Plaintiff filed the proposed second amended complaint soon after the alleged ordinance violation occurred and prior to the entry of summary judgment on the first amended complaint. Although the new counts alleged a different ordinance violation than did the other counts, the allegations were of the same type as the prior complaints’ allegations of accumulation of junk and the parking of large trucks. The second amended complaint was timely, and defendants would not have been prejudiced. It would be more efficient to resolve the new allegations in the current litigation than in a new lawsuit. But whether or not the trial court abused its discretion, we direct that plaintiff be granted leave to file the second amended complaint upon remand because there will be further proceedings in connection with the allegation that defendants store junk.

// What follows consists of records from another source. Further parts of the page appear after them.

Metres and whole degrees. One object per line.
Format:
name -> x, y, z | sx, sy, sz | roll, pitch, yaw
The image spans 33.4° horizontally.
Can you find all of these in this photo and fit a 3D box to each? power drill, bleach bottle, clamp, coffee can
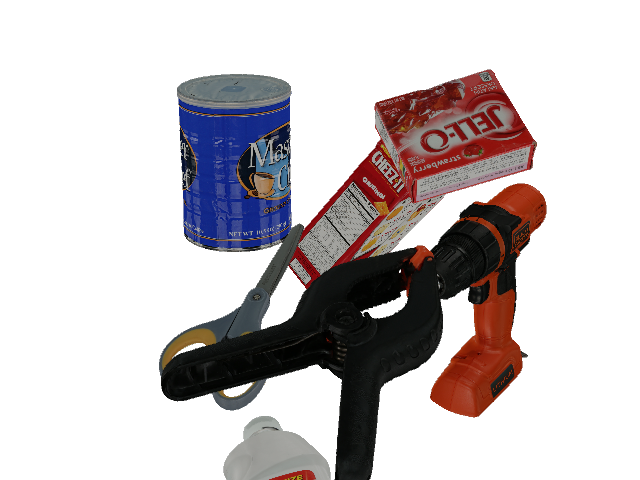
power drill -> 0.138, 0.059, 0.939 | 0.057, 0.188, 0.184 | 21, 35, 31
bleach bottle -> -0.029, 0.211, 0.720 | 0.102, 0.068, 0.251 | -9, 32, -8
clamp -> 0.017, 0.061, 0.553 | 0.171, 0.039, 0.120 | -33, 56, -33
coffee can -> -0.078, -0.073, 0.982 | 0.103, 0.140, 0.103 | 0, 22, 0

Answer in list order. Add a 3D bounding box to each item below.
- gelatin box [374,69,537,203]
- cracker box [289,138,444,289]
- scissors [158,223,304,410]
gelatin box -> 0.090, -0.071, 0.718 | 0.089, 0.073, 0.030 | -17, -35, -7
cracker box -> 0.072, -0.044, 1.247 | 0.163, 0.072, 0.214 | -25, -19, -51
scissors -> -0.071, 0.055, 0.867 | 0.096, 0.016, 0.201 | 0, 43, 8

Plaintiff finally argues that the trial court erred in giving defendants leave to withdraw the affirmative defense of equitable estoppel without prejudice because the defense was not filed until nearly two years after the lawsuit was filed and after discovery was completed. Plaintiff argues that because the withdrawal was without prejudice, defendants could raise the affirmative defense again upon remand. Defendants argue that the defense was withdrawn after the entry of summary judgment.

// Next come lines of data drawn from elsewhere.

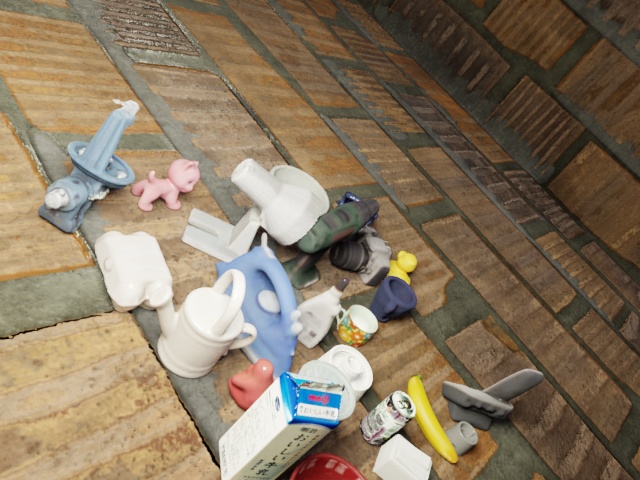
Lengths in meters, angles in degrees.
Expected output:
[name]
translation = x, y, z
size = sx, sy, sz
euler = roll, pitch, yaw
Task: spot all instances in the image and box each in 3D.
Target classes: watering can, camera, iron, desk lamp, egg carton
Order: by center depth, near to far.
[watering can]
translation = -0.176, 0.122, 0.887
size = 0.173, 0.193, 0.100
euler = 5, 45, -41
[egg carton]
translation = -0.312, 0.050, 0.954
size = 0.108, 0.069, 0.150
euler = 0, 49, -45
[iron]
translation = -0.088, 0.118, 1.028
size = 0.119, 0.141, 0.257
euler = 1, 49, -45
[desk lamp]
translation = -0.130, -0.049, 1.122
size = 0.204, 0.213, 0.118
euler = 26, 35, -20
[camera]
translation = 0.092, 0.023, 1.363
size = 0.137, 0.100, 0.143
euler = 12, 41, -36

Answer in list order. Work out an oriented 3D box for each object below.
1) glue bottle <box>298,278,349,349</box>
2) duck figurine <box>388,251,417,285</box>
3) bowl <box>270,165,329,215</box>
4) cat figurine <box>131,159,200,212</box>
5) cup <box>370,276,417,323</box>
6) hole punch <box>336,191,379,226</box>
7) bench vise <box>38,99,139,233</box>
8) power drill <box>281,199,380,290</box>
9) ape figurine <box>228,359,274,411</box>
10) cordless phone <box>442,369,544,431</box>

We see no error in permitting the withdrawal without prejudice. If defendants wish to reassert the defense upon remand, the trial court will have to determine the appropriateness of the amendment of defendants’ answer pursuant to section 2— 616 of the Code of Civil Procedure (Ill. Rev. Stat. 1989, ch. 110, par. 2—616).
Defendants argue that the photographs contained in plaintiff’s appellate brief are improper because these photographs were not properly before the trial court on the motion for summary judgment but that the trial court only granted leave to plaintiff to file them later. It is unnecessary to address this issue because the issues on appeal have not required an examination of the photographs’ depiction of the condition of defendants’ property. Defendants’ motion to strike the photographs is denied.
The judgment of the trial court is reversed in part and affirmed in part, and the cause is remanded.
Reversed in part; affirmed in part; and remanded.
RIZZI and TULLY, JJ., concur.
The word “Webster’s,” derived from the name of the 19th century lexicographer, Noah Webster, is now public property. (Hays, Dictionaries Go To War Over Words, N.Y. Times, October 22, 1991, at 3, col. 4.) For example, Simon and Schuster publishes Webster’s New World Dictionary, Merriam-Webster publishes Webster’s Ninth New Collegiate Dictionary, and Random House publishes Webster’s College Dictionary. Hays, Dictionaries Go To War Over Words, N.Y. Times, October 22, 1991, at 3, col. 4.
Webster’s New World Dictionary defines “junk” as “1. orig., old cable or rope *** 2. old metal, glass, paper, rags, etc. 3. [Colloq.] useless or worthless stuff; trash; rubbish ***.” (Webster’s New World Dictionary 765 (1982).) But Webster’s Third New International Dictionary defines “junk” as “2. a (1) old iron, glass, paper, cordage, or other waste that may be treated so as to be used again in some form (2): secondhand, worn, or discarded articles of any kind with having little or no commercial value.” Webster’s Third New International Dictionary 1227 (1981).